═════ Available data

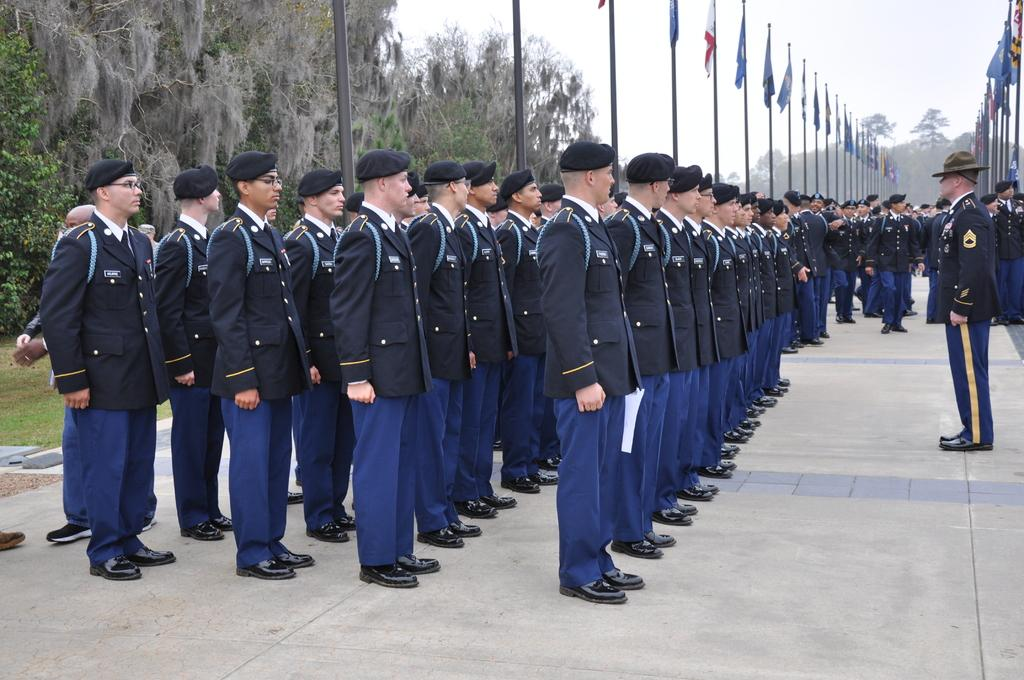How many people are in the image? There is a group of people standing in the image, but the exact number cannot be determined from the provided facts. What can be seen in the image besides the group of people? There are flags, trees, the sky, a road, and grass visible in the image. What is the color of the sky in the image? The sky is visible at the top of the image, but the color cannot be determined from the provided facts. What type of surface is the road made of? The type of surface the road is made of cannot be determined from the provided facts. What type of egg is being used to attack the trees in the image? There is no egg or attack present in the image; it features a group of people, flags, trees, the sky, a road, and grass. 
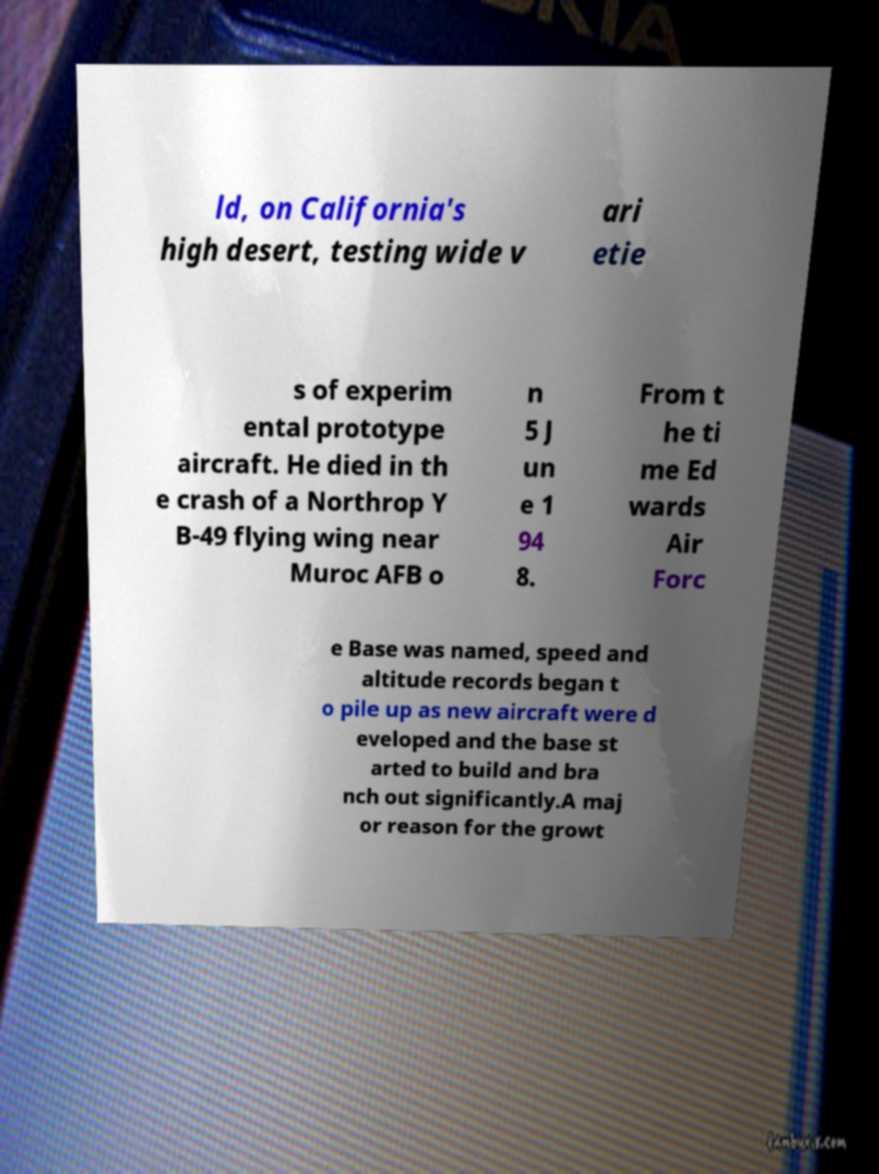There's text embedded in this image that I need extracted. Can you transcribe it verbatim? ld, on California's high desert, testing wide v ari etie s of experim ental prototype aircraft. He died in th e crash of a Northrop Y B-49 flying wing near Muroc AFB o n 5 J un e 1 94 8. From t he ti me Ed wards Air Forc e Base was named, speed and altitude records began t o pile up as new aircraft were d eveloped and the base st arted to build and bra nch out significantly.A maj or reason for the growt 
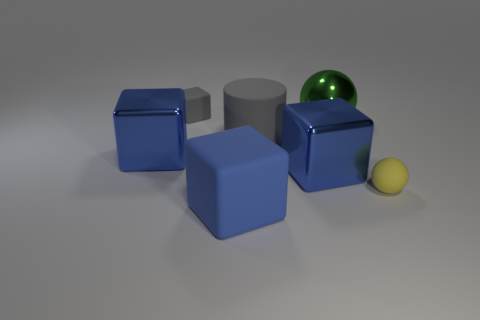How many blue blocks must be subtracted to get 1 blue blocks? 2 Subtract all red spheres. How many blue cubes are left? 3 Add 2 large yellow metal cylinders. How many objects exist? 9 Subtract all spheres. How many objects are left? 5 Subtract 0 purple blocks. How many objects are left? 7 Subtract all big blue things. Subtract all matte things. How many objects are left? 0 Add 2 large gray things. How many large gray things are left? 3 Add 4 brown metal cylinders. How many brown metal cylinders exist? 4 
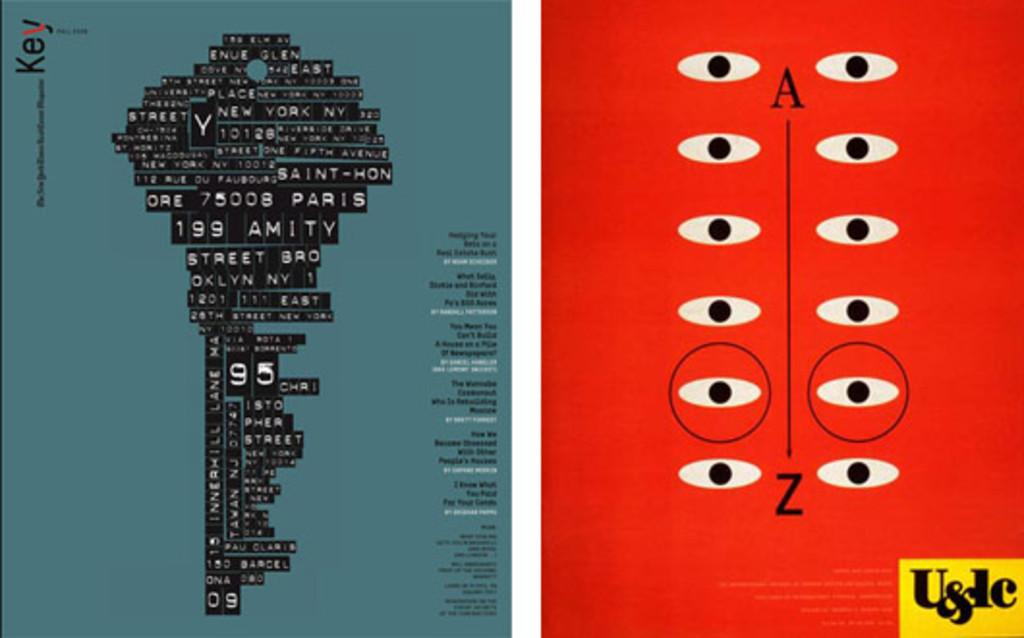What city is on the key?
Keep it short and to the point. Paris.

══════════

■ Task objective:
Reproduce, word for word, the lines from the one containing "There's text embedded" to the end of the material, both ends included. No picture is copied.

■ Written answer:
There's text embedded in this image that I need extracted. Can you transcribe it verbatim? ld, on California's high desert, testing wide v ari etie s of experim ental prototype aircraft. He died in th e crash of a Northrop Y B-49 flying wing near Muroc AFB o n 5 J un e 1 94 8. From t he ti me Ed wards Air Forc e Base was named, speed and altitude records began t o pile up as new aircraft were d eveloped and the base st arted to build and bra nch out significantly.A maj or reason for the growt 
How many blue blocks must be subtracted to get 1 blue blocks? 2 Subtract all red spheres. How many blue cubes are left? 3 Add 2 large yellow metal cylinders. How many objects exist? 9 Subtract all spheres. How many objects are left? 5 Subtract 0 purple blocks. How many objects are left? 7 Subtract all big blue things. Subtract all matte things. How many objects are left? 0 Add 2 large gray things. How many large gray things are left? 3 Add 4 brown metal cylinders. How many brown metal cylinders exist? 4 
What city is on the key?
Keep it short and to the point. Paris.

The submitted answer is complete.